Let’s go through each phase of a Digital Marketing Strategy, one step at a time.

First Step: Create Awareness

The initial step is a no-brainer. You must be on a prospect’s radar.
People need to know that you exist before they can purchase anything from you.

This is the first step in any Digital Marketing Strategy.

It’s a fairly self-explanatory step involving someone discovering you. Nobody can be expected to have automatic knowledge of you. If you want to build customers, you need to build awareness first.

This can be achieved through social media, word-of-mouth, events, blog posts, advertising, or other channels that gets your offers, solutions, and products in the eyes of potential customers.

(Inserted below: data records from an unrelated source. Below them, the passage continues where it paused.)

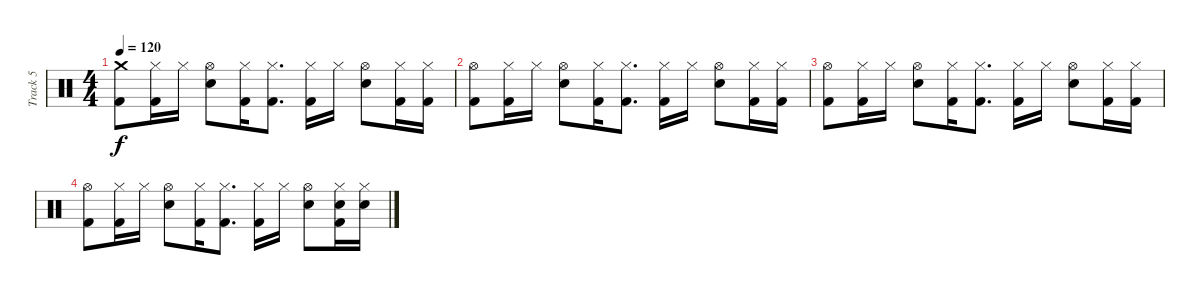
\track ("Track 5" "Track 5") {instrument percussion}
\staff {score}
\articulation defaults
\ts (4 4)
\tempo 120
\clef neutral
\ks c
("Crash medium (hit)" "Kick (hit) 2").8{dy f} ("Hi-Hat (closed)" "Kick (hit) 2").16 "Hi-Hat (closed)".16 ("Hi-Hat (open)" "Snare (hit) 2").8 ("Hi-Hat (closed)" "Kick (hit) 2").16 ("Hi-Hat (closed)" "Kick (hit) 2").8{d} ("Hi-Hat (closed)" "Kick (hit) 2").16 "Hi-Hat (closed)".16 ("Hi-Hat (open)" "Snare (hit) 2").8 ("Hi-Hat (closed)" "Kick (hit) 2").16 ("Hi-Hat (closed)" "Kick (hit) 2").16 |
("Hi-Hat (open)" "Kick (hit) 2").8 ("Hi-Hat (closed)" "Kick (hit) 2").16 "Hi-Hat (closed)".16 ("Hi-Hat (open)" "Snare (hit) 2").8 ("Hi-Hat (closed)" "Kick (hit) 2").16 ("Hi-Hat (closed)" "Kick (hit) 2").8{d} ("Hi-Hat (closed)" "Kick (hit) 2").16 "Hi-Hat (closed)".16 ("Hi-Hat (open)" "Snare (hit) 2").8 ("Hi-Hat (closed)" "Kick (hit) 2").16 ("Hi-Hat (closed)" "Kick (hit) 2").16 |
("Hi-Hat (open)" "Kick (hit) 2").8 ("Hi-Hat (closed)" "Kick (hit) 2").16 "Hi-Hat (closed)".16 ("Hi-Hat (open)" "Snare (hit) 2").8 ("Hi-Hat (closed)" "Kick (hit) 2").16 ("Hi-Hat (closed)" "Kick (hit) 2").8{d} ("Hi-Hat (closed)" "Kick (hit) 2").16 "Hi-Hat (closed)".16 ("Hi-Hat (open)" "Snare (hit) 2").8 ("Hi-Hat (closed)" "Kick (hit) 2").16 ("Hi-Hat (closed)" "Kick (hit) 2").16 |
("Hi-Hat (open)" "Kick (hit) 2").8 ("Hi-Hat (closed)" "Kick (hit) 2").16 "Hi-Hat (closed)".16 ("Hi-Hat (open)" "Snare (hit) 2").8 ("Hi-Hat (closed)" "Kick (hit) 2").16 ("Hi-Hat (closed)" "Kick (hit) 2").8{d} ("Hi-Hat (closed)" "Kick (hit) 2").16 "Hi-Hat (closed)".16 ("Hi-Hat (open)" "Snare (hit) 2").8 ("Hi-Hat (closed)" "Snare (hit) 2" "Kick (hit) 2").16 ("Hi-Hat (closed)" "Snare (hit) 2").16

In order for this to happen, the content that you create must either inform or entertain people enough to get their attention.

Awareness

Second Step: Stimulate Engagement

Once prospects are aware that you exist, you have ignited a relationship with them. However, you still need to earn their trust, as well as help them understand you better.

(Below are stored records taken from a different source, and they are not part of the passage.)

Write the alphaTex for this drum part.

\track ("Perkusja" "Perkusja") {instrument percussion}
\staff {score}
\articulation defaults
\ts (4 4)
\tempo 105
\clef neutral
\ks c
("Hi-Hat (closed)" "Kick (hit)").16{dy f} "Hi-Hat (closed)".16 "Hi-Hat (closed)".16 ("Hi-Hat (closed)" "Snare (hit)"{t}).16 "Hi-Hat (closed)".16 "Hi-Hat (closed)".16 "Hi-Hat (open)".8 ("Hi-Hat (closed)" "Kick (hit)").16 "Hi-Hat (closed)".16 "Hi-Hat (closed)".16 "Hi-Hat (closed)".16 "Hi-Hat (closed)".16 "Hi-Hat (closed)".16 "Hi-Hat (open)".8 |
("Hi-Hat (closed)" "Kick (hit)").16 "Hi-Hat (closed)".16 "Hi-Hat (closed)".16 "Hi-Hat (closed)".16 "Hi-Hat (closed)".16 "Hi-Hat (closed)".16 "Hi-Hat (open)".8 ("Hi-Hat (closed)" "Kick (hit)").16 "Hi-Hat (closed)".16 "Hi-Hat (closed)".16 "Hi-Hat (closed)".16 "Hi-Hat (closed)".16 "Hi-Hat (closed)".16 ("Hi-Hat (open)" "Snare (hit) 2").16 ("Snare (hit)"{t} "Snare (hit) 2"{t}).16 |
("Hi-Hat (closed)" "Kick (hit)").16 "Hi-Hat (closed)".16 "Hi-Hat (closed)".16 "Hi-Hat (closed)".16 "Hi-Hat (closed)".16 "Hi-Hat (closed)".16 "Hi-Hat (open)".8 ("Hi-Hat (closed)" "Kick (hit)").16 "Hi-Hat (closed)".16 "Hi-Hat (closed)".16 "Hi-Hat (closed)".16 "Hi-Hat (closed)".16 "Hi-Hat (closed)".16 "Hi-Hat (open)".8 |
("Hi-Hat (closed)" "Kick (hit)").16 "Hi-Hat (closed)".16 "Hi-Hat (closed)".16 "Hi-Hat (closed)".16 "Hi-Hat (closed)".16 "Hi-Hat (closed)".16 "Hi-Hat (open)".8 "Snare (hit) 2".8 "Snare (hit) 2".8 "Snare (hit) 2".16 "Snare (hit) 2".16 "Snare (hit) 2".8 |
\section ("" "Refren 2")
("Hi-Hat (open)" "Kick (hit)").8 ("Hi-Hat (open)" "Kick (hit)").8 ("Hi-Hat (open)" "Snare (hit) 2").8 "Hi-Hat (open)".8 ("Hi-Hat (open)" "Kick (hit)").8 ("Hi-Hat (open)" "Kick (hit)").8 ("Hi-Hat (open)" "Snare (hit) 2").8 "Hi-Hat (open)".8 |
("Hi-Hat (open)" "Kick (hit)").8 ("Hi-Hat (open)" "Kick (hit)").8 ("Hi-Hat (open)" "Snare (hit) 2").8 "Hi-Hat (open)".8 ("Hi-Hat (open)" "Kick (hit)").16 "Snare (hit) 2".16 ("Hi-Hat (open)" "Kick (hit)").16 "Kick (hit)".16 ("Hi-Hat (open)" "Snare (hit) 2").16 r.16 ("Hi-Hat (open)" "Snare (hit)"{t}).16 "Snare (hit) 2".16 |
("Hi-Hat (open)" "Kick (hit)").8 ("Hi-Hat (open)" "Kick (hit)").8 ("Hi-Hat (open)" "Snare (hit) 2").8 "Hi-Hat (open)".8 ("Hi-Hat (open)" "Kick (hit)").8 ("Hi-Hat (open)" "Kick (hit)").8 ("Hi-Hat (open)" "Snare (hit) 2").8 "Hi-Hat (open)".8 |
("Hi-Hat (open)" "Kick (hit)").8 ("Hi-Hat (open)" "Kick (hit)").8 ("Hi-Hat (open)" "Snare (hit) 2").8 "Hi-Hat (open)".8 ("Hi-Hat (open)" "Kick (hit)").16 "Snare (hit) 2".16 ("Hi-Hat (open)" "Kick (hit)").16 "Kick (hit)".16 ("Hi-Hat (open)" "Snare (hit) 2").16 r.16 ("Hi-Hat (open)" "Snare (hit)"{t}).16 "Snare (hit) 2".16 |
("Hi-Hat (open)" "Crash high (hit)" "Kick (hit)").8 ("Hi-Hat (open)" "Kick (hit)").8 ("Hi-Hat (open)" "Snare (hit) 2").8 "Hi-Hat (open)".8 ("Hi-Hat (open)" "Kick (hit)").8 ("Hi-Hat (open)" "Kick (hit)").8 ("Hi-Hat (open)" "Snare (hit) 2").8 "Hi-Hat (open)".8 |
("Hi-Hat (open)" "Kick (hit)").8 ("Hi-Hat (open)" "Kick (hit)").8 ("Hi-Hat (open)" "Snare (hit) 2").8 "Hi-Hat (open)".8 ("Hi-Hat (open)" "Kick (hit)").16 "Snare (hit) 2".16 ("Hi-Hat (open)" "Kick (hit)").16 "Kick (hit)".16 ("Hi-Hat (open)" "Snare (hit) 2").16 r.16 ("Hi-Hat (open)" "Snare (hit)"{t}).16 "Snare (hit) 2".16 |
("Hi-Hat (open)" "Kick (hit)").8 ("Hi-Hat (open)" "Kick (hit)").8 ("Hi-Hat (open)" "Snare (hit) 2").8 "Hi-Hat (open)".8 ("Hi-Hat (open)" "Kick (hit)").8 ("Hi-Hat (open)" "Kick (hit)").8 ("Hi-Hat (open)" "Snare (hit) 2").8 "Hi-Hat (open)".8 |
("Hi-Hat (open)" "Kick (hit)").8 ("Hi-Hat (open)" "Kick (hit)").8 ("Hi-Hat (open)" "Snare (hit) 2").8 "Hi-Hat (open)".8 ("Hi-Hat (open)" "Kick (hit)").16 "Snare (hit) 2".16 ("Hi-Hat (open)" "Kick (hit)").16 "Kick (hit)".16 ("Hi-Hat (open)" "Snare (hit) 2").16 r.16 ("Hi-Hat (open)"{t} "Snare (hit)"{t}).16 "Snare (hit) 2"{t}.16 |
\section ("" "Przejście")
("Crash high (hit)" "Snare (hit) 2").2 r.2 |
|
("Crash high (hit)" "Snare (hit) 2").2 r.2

As such, the following step will entail nurturing relationships with prospects.

Engagement involves interaction with prospects. Talk directly to them using some type of content which is informative, entertaining, or a mixture of both.

Engagement must be maintained throughout a customer’s journey. It is NOT a one-time task.

As part of your Digital Marketing Strategy, this phase starts right after your initial interaction or communication with prospects. It continues for the duration of the whole experience these people have with your company. It entails an ongoing discussion with them using multiple channels: customer support, email, online forums, blogs, etc.

Engagement

HEADS UP: before beginning, it is imperative to understand who your target market is, where they’re located, and what you want them to purchase. To get a better idea of the type of people you are selling to, download our customer avatar template for FREE by clicking here.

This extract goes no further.